Fauzan menilai model tersebut mampu memperkuat hubungan antara pendidikan, penelitian, dan pengabdian kepada masyarakat, sekaligus mempercepat pemanfaatan hasil riset perguruan tinggi.
Program ini juga mendorong kolaborasi lintas disiplin. Mahasiswa dari berbagai bidang keilmuan diharapkan bekerja bersama agar solusi yang dihasilkan tidak hanya bersifat teknis, tetapi juga mempertimbangkan aspek sosial, budaya, hingga pemberdayaan masyarakat.
Sebagai bagian dari implementasi program, Kemdiktisaintek menghadirkan skema Aksara Sirkular. Pada 2026, Kota Denpasar ditetapkan sebagai salah satu lokasi prioritas dengan fokus pada pengelolaan sampah melalui penerapan sains, teknologi, inovasi, dan transformasi sosial.
Direktur Penelitian dan Pengabdian kepada Masyarakat Ditjen Risbang Kemdiktisaintek, I Ketut Adnyana, mengatakan mahasiswa memiliki posisi strategis sebagai penggerak perubahan apabila didukung oleh perguruan tinggi dan pendampingan dosen.
“Mahasiswa mempunyai posisi yang sangat terhormat, strategis, dan mulia di tengah masyarakat. Potensi, pemikiran, idealisme, dan energi mahasiswa harus kita manfaatkan untuk membantu memecahkan permasalahan nyata yang dihadapi masyarakat dengan berbasis pada sains, teknologi, dan inovasi yang dihasilkan oleh dosen-dosen di perguruan tinggi,” kata Adnyana.
Melalui Aksara Mahasiswa, mahasiswa tidak hanya diminta melaksanakan kegiatan pengabdian, tetapi juga mengidentifikasi persoalan masyarakat untuk kemudian menjadi bahan pengembangan riset di perguruan tinggi.

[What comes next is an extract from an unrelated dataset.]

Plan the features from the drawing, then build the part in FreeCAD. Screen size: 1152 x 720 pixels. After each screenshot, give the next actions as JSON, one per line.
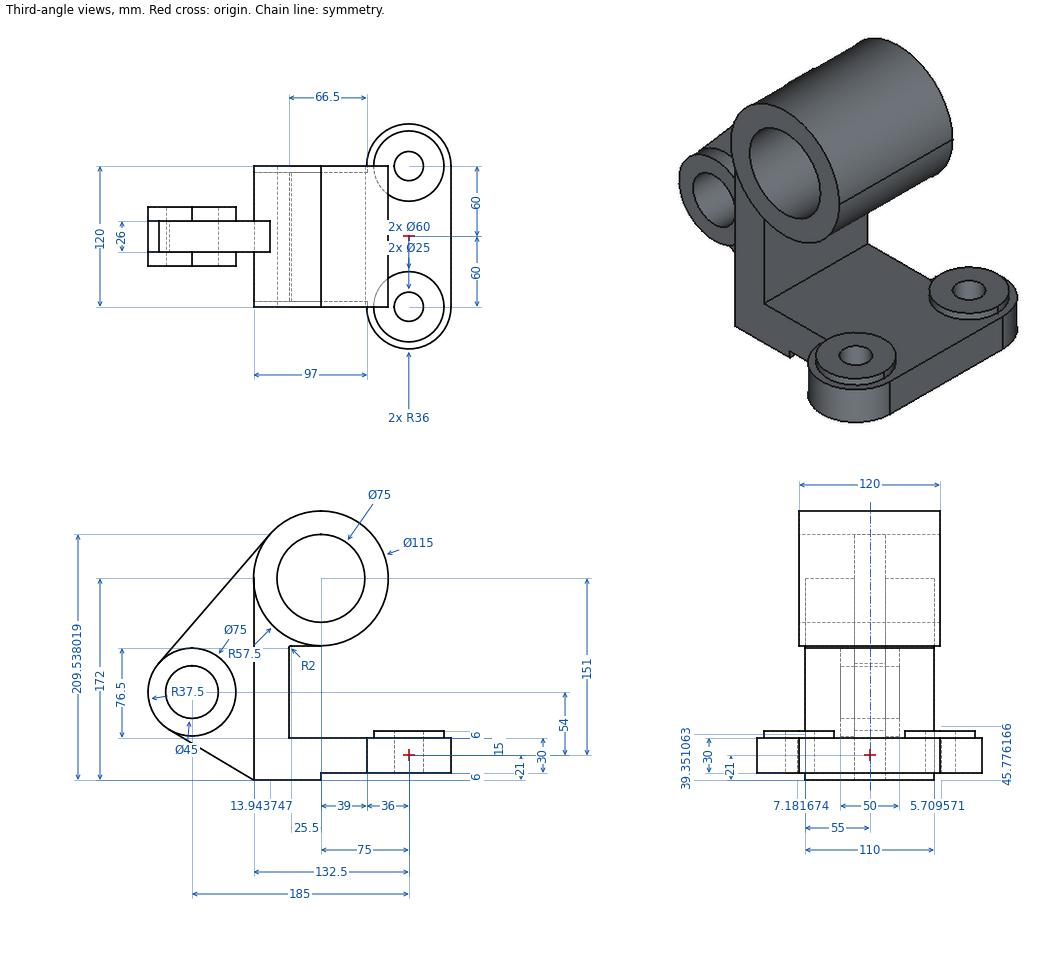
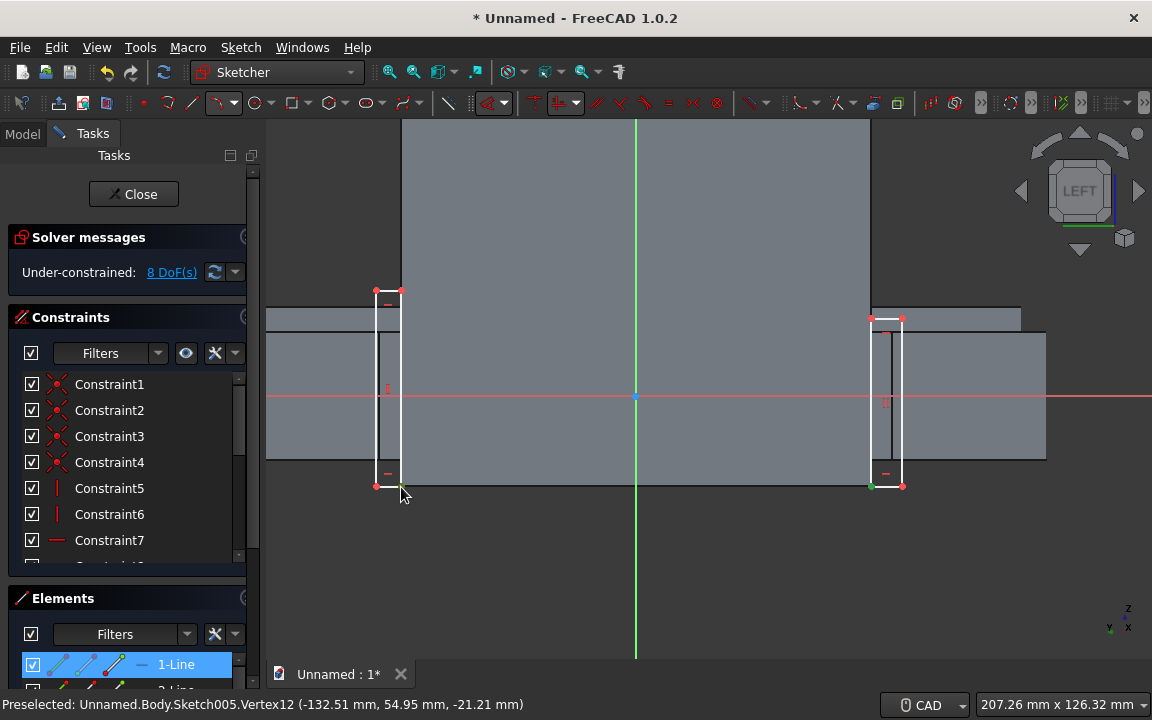
{"action": "left_click", "coordinate": [636, 596]}

Hasil penelitian tersebut selanjutnya diharapkan kembali diterapkan sebagai solusi bagi masyarakat, sehingga tercipta siklus inovasi yang berkelanjutan.
Rektor Universitas Mahasaraswati Denpasar, I Ketut Sukewati Lanang Putra Perbawa, menilai keberhasilan program tersebut membutuhkan sinergi berbagai pihak. Menurutnya, implementasi kebijakan akan lebih efektif apabila melibatkan perguruan tinggi, pemerintah, masyarakat, dunia pendidikan, dan sektor industri.
Melalui Program Aksara Mahasiswa, Kemdiktisaintek berharap semakin banyak mahasiswa yang mampu mengembangkan kepemimpinan, memperkuat kolaborasi lintas disiplin, serta menghasilkan solusi berbasis riset yang memberikan dampak nyata bagi masyarakat. Program ini juga menjadi bagian dari upaya mewujudkan semangat Diktisaintek Berdampak, yang menempatkan pendidikan tinggi sebagai motor penghasil inovasi untuk pembangunan nasional.